For many, the actions of the rioters were about greed. The twitter mob helping to clean up their city are about community. Azul, from Crouch End says she lived in Lebanon during the civil war.

“Whenever they bombed a building, the residents came and cleaned it back up. This reminds me of that.”

Back on Clarence Road Elaine, has come down to see the damage. She’s lived in Hackney all her life and she says she’s disgusted, but not surprised.

“The democratic government has been penalising people for too long. And what they made the mistake to do is they turned around and they penalised the people who were working for them. The police. They are penalising the police, the military. And I believe that the police is part of this. They think ‘we ain’t got no money, we ain’t got the manpower.’

“Look what’s happened. I’m disgusted that people are being made homeless. I’m disgusted that it seems like it’s chaos and there’s no head.
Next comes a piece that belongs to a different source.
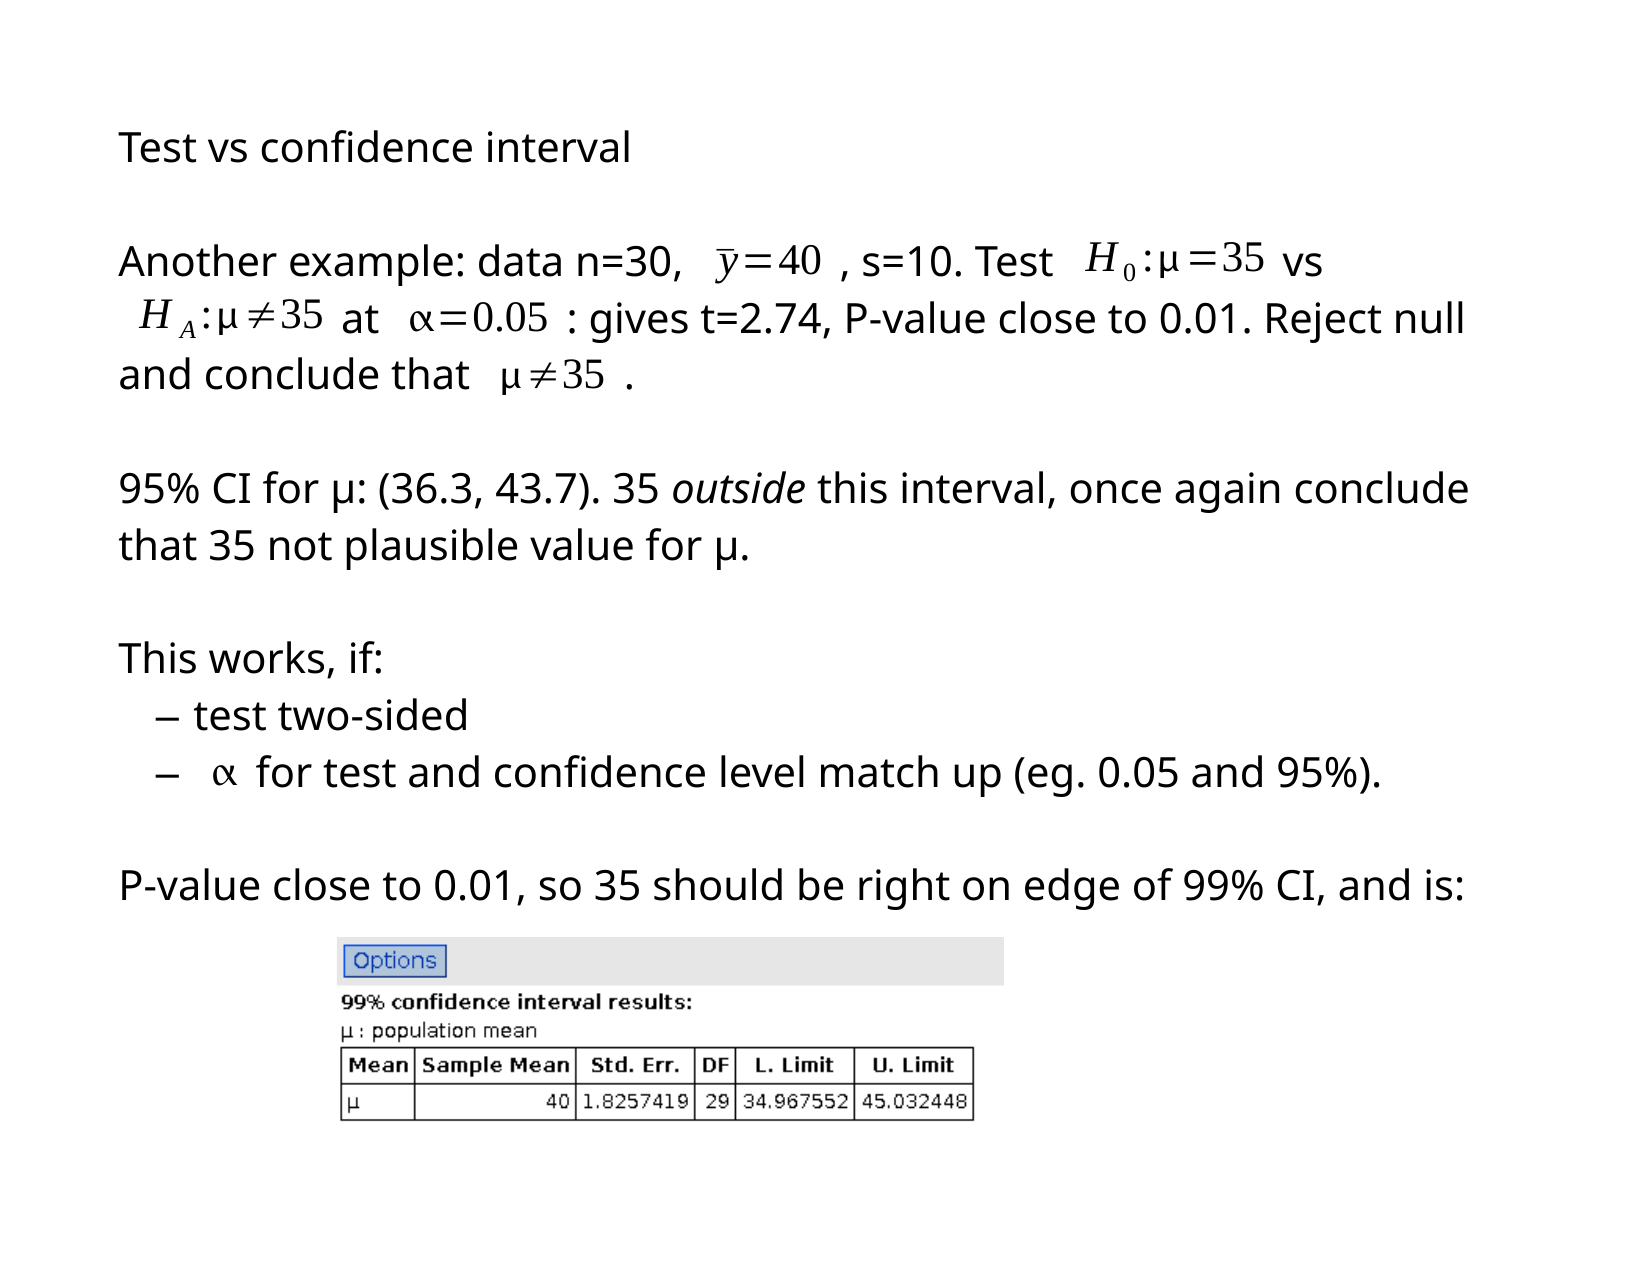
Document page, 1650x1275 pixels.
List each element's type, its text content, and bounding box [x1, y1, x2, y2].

There doesn’t seem like there’s a head, it’s just a complete riot. I’m not surprised. I’m disgusted by what the government has allowed to happen.”

She says it’s about London, and a failure of parenting: “There are a lot of parents that don’t have control over their teenaged youths. The government took away the power from the parents long ago.

“The parents have given up. They’re too busy worrying about the mortgage, the bills, everything.”

Surveying the damage, Sheva doesn’t look angry. He looks shocked. Another local business destroyed by riots that have raged across the capital city for the past three nights.

Yussef, owner of the nearby Pogo cafe, is also out on the street with a broom, helping with clear up. He stayed in his cafe all night last night to protect it from rioters. “I’m pretty sure they don’t have any public support. These were not locals. They should attack some big company’s not local shops, not local communities.”

Down the road Colin is guarding his hairdressing shop Chaquille, he says he understands the rioters’ frustrations.

“You can’t have a generation jobless, with no prosperity. They must have their frustrations. When I grew up there were youth centres. There’s nothing for them now.”

And Harris Zafar, the manager of O2 on Mare Street, where riots broke out during the daytime on Monday, says the outbursts of violence are not a surprise.

“There’s no justification for what they did, but for people to say they didn’t forsee this is ridiculous. Reaction only comes after an action. Things have been bad for a long time. I don’t remember voting for two parties to govern me.”